KRAFTWERK’S ’AUTOBAHN’ (OR HOW THE FUTURE GOT ITS HAIR CUT)



If you were to read ’Future Days: Krautrock and the Rebuilding of Modern Germany’ (as we just were), you’d find David Stubbs is scrupulous in dealing with his subject. So much so, he’ll magnanimously dole out page counts to each significant band, sometimes over-riding his own taste. And at times this shows. 

The problem is of course not different preferences. He’s welcome to his claim the earlier Moog-based Popol Vuh outclassed the later years, even if I think the opposite. The problem is when he gets to those later albums, and is inevitably less interesting when he is less interested.

But the half-full side of this is when he gets to the stuff he does like. I am one of those too much of a Krautrock fan to really rate Kraftwerk, and inevitably prefer the three albums before ‘Autobahn’. (The ones the band themselves would seem to want erased from history.) Whereas he runs through them only looking for early glimmerings of future highways, wondering aloud when they’ll get their hair cut. It’s like listening to ‘A Hard Days Night’, but only for portents of ‘Sergeant Pepper’. You miss what’s there looking for what isn’t.

At its worst it’s like the guy in the next seat who loudly grumbles about the music you’d like to just listen to. Yet when he (finally) reaches ’Autobahn’ he writes one of the best pieces on it I’ve read, worth the wait and quite possibly worth the price of admission itself.

If you want a more traditional version of a road number, Bruce Springsteen’s ’Born To Run’ was released the same year. With overblown trying-too-hard lyrics (“at night we ride through mansions of glory in suicide machines”), and an insistence road travel can be made into some sort of hero’s journey, the combination of cliche and self-importance is tiresome to take.

Whereas Kraftwerk don’t drive to celebrate their freedom or escape conformity.
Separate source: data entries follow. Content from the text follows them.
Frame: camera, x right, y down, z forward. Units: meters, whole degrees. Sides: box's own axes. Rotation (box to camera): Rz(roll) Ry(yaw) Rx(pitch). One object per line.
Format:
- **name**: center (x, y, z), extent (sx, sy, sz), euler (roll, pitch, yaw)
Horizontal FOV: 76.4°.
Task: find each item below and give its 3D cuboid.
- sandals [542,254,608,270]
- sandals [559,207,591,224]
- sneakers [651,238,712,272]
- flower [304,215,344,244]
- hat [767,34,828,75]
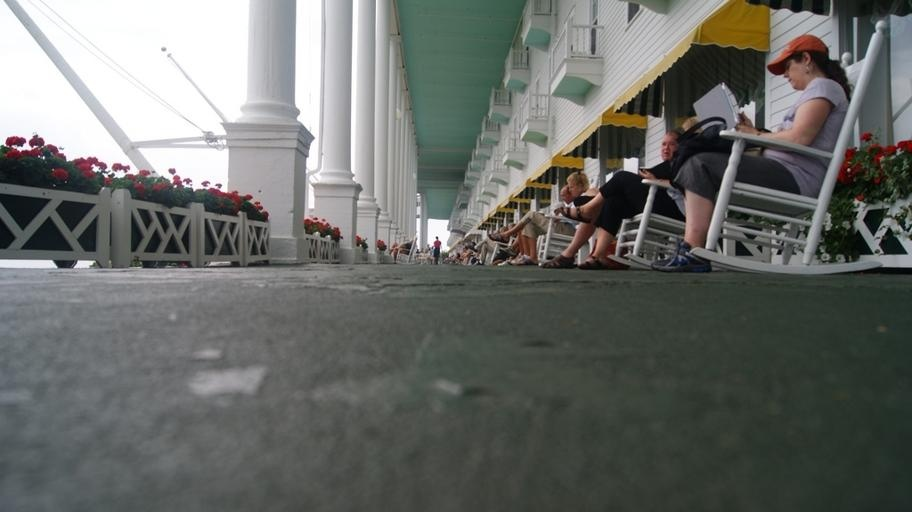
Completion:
- **sandals**: center (0.892, 0.062, 4.487), extent (0.399, 0.099, 0.159), euler (3, -5, 9)
- **sandals**: center (0.958, -0.380, 4.890), extent (0.299, 0.103, 0.109), euler (20, -4, 32)
- **sneakers**: center (1.162, 0.011, 3.128), extent (0.354, 0.173, 0.131), euler (-1, -1, 9)
- **flower**: center (-1.889, -0.388, 8.224), extent (0.430, 0.243, 0.439), euler (0, -2, 29)
- **hat**: center (1.887, -1.178, 3.338), extent (0.379, 0.204, 0.246), euler (-1, 6, 27)
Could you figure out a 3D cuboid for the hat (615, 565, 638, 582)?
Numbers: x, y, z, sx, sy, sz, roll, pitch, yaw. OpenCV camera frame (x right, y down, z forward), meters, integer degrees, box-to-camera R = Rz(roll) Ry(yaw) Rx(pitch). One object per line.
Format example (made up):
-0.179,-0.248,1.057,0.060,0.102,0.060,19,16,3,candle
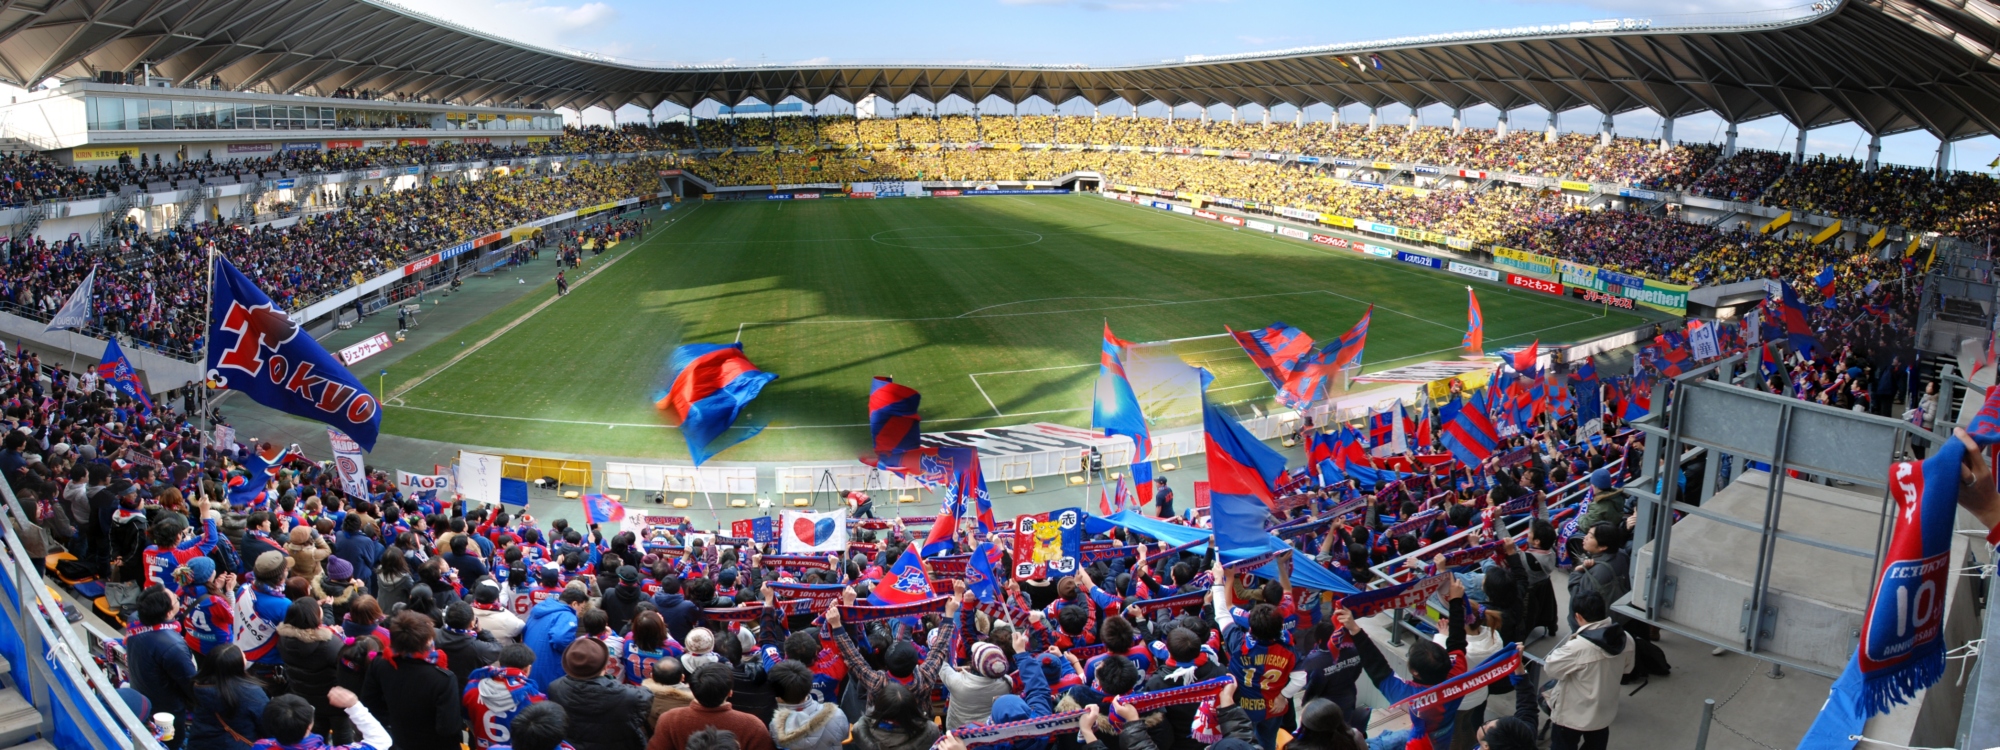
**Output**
-17.069,9.117,53.660,0.807,0.787,0.587,13,-28,-36,hat
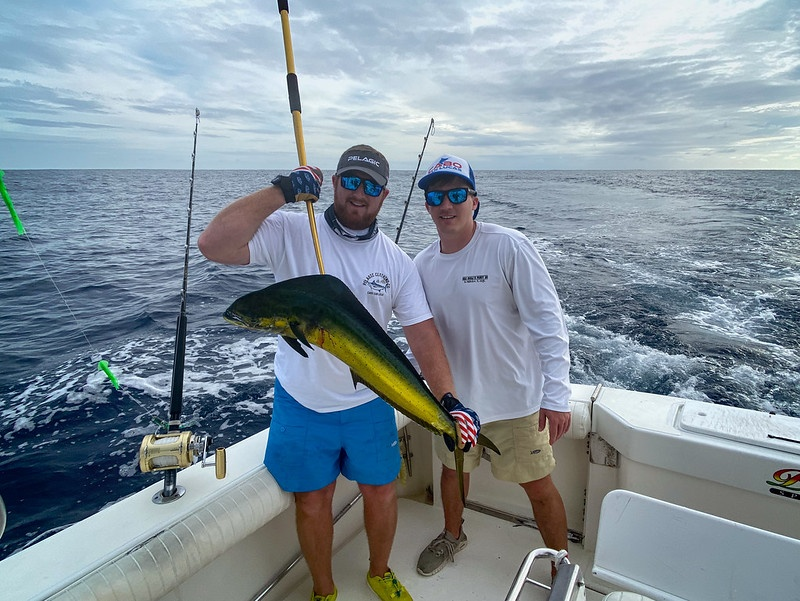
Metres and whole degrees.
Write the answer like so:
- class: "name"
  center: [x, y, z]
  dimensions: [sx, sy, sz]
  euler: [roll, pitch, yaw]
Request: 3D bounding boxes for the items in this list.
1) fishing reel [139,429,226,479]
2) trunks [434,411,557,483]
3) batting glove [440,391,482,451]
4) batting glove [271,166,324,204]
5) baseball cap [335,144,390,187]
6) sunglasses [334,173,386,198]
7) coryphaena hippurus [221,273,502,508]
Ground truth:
- class: "fishing reel"
  center: [-1.216, 0.838, 2.762]
  dimensions: [0.424, 0.201, 0.311]
  euler: [1, -9, -9]
- class: "trunks"
  center: [0.594, 0.901, 3.007]
  dimensions: [0.647, 0.431, 0.375]
  euler: [-9, 7, 33]
- class: "batting glove"
  center: [0.305, 0.674, 2.723]
  dimensions: [0.127, 0.238, 0.297]
  euler: [-22, 23, 18]
- class: "batting glove"
  center: [-0.517, -0.601, 2.511]
  dimensions: [0.264, 0.158, 0.086]
  euler: [-4, -9, 0]
- class: "baseball cap"
  center: [-0.199, -0.826, 2.844]
  dimensions: [0.314, 0.195, 0.401]
  euler: [8, 16, -4]
- class: "sunglasses"
  center: [-0.223, -0.653, 2.753]
  dimensions: [0.231, 0.122, 0.063]
  euler: [0, 15, -8]
- class: "coryphaena hippurus"
  center: [-0.202, 0.285, 2.436]
  dimensions: [1.532, 0.538, 0.241]
  euler: [31, 29, 16]
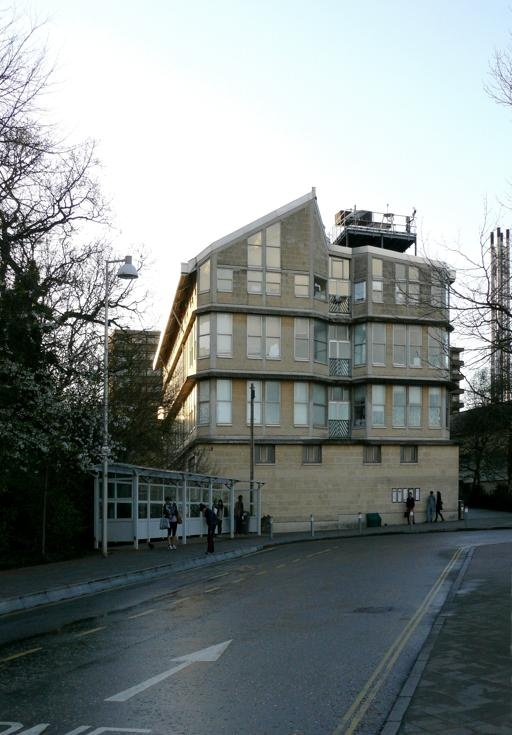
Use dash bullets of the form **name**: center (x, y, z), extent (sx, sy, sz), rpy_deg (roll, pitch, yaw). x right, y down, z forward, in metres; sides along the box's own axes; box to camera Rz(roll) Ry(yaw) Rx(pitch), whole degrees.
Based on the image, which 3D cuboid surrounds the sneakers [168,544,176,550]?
- **sneakers**: center (-2.831, 6.015, 30.020), extent (0.131, 0.173, 0.383), rpy_deg (0, -1, 3)

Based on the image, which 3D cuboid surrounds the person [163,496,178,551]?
- **person**: center (-2.920, 5.309, 30.454), extent (0.533, 1.696, 2.063), rpy_deg (1, -9, -6)

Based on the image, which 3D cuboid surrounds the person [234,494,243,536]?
- **person**: center (-0.796, 6.766, 41.115), extent (0.433, 1.705, 0.797), rpy_deg (0, -8, -2)
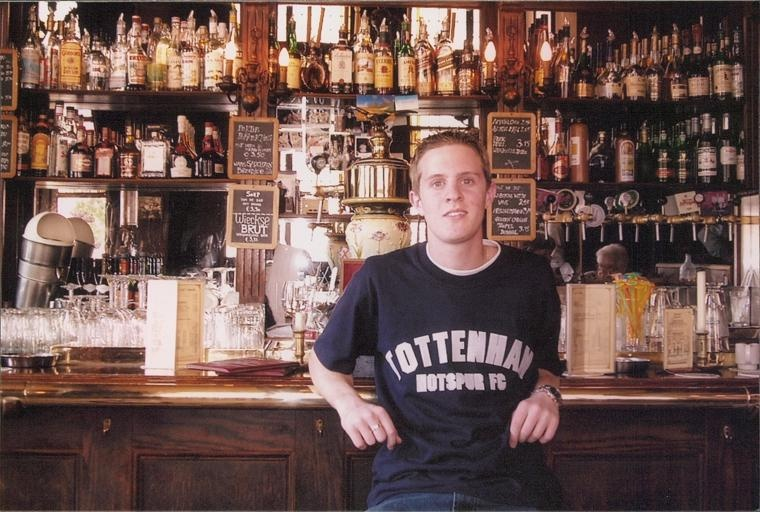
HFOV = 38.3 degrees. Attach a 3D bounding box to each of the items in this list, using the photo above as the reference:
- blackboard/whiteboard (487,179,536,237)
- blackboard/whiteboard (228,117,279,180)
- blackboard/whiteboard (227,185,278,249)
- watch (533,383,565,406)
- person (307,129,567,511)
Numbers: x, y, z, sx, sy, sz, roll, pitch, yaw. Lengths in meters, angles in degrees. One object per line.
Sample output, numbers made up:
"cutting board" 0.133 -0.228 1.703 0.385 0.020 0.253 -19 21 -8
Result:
"blackboard/whiteboard" 0.762 -0.272 6.398 0.395 0.403 0.019 0 -2 -3
"blackboard/whiteboard" -0.751 -0.639 6.483 0.417 0.460 0.040 0 -2 -5
"blackboard/whiteboard" -0.752 -0.234 6.479 0.417 0.443 0.026 1 3 -6
"watch" 0.759 0.615 4.931 0.077 0.108 0.118 -28 -23 17
"person" 0.264 0.281 4.896 1.067 1.676 0.355 0 -2 7
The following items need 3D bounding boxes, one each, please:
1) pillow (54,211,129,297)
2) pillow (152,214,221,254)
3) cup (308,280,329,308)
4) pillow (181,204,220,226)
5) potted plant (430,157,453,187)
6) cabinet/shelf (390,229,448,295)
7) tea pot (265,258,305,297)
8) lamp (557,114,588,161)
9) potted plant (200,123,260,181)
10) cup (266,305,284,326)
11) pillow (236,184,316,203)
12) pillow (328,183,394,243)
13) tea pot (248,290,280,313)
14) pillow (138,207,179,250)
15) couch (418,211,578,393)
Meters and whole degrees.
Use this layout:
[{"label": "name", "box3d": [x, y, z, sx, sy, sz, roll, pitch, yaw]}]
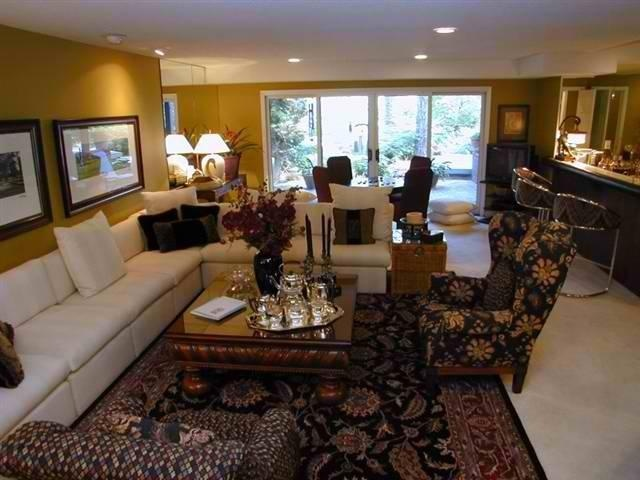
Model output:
[{"label": "pillow", "box3d": [-2.107, 0.147, 4.169, 0.380, 0.599, 0.692, 4, 18, 11]}, {"label": "pillow", "box3d": [-1.513, -0.061, 5.125, 0.684, 0.368, 0.179, -16, -2, -41]}, {"label": "cup", "box3d": [-0.011, 0.429, 3.659, 0.193, 0.261, 0.164, -2, 7, -13]}, {"label": "pillow", "box3d": [-1.439, -0.312, 5.427, 0.279, 0.098, 0.261, 3, 26, -8]}, {"label": "potted plant", "box3d": [2.406, -1.322, 9.112, 0.336, 0.742, 1.054, 2, 18, 14]}, {"label": "cabinet/shelf", "box3d": [1.030, 0.199, 5.224, 0.708, 0.633, 0.663, 1, 20, 6]}, {"label": "tea pot", "box3d": [-0.304, 0.300, 3.917, 0.415, 0.362, 0.239, 1, 7, 18]}, {"label": "lamp", "box3d": [3.985, -1.652, 7.301, 0.377, 0.662, 0.738, 7, 20, 25]}, {"label": "potted plant", "box3d": [-1.404, -1.591, 8.224, 1.089, 0.935, 1.048, -8, 12, -30]}, {"label": "cup", "box3d": [-0.347, 0.573, 3.486, 0.137, 0.187, 0.114, -6, 23, -9]}, {"label": "pillow", "box3d": [-0.486, -0.645, 6.566, 0.733, 0.243, 0.651, 5, 12, 26]}, {"label": "pillow", "box3d": [0.463, -0.287, 5.264, 0.788, 0.638, 0.249, 2, -2, 6]}, {"label": "tea pot", "box3d": [-0.440, 0.495, 3.622, 0.199, 0.088, 0.184, 3, 13, -1]}, {"label": "pillow", "box3d": [-1.857, -0.117, 5.163, 0.450, 0.410, 0.159, -8, -26, -25]}, {"label": "couch", "box3d": [1.291, 0.496, 3.673, 1.260, 1.213, 1.201, -8, 16, -16]}]

They start up the car and just go for a drive, to see the view as it stretches away from you, to hear the swish of the vehicles passing the other way. An experience millions of West Germans must have had every day. The transcendent doesn’t need adding to the banal, its already to be found there.

Better than Springsteen, look to the contemporary Berlin school to see electronic music being used to become metaphysical, to transcend human scale. ’Autobahn’, conversely, is wilfully literal. “As figurative and indisputable,” Stubbs points out, “as Emil Schult’s eerily bright deceptively banal and depthless cover artwork”. Which includes the dashboard of a car in the lower section, making clear what we see is a driver’s eye view.


Flip it and there’s the band in the back seats, as if a reverse image. In a splendid anecdote, he tells of how the press launch got journalists to ride the autobahn listening to… yeah, you guessed. It’s like music was thrown in reverse gear, and it was no longer the epic but the quotidian which needed capturing.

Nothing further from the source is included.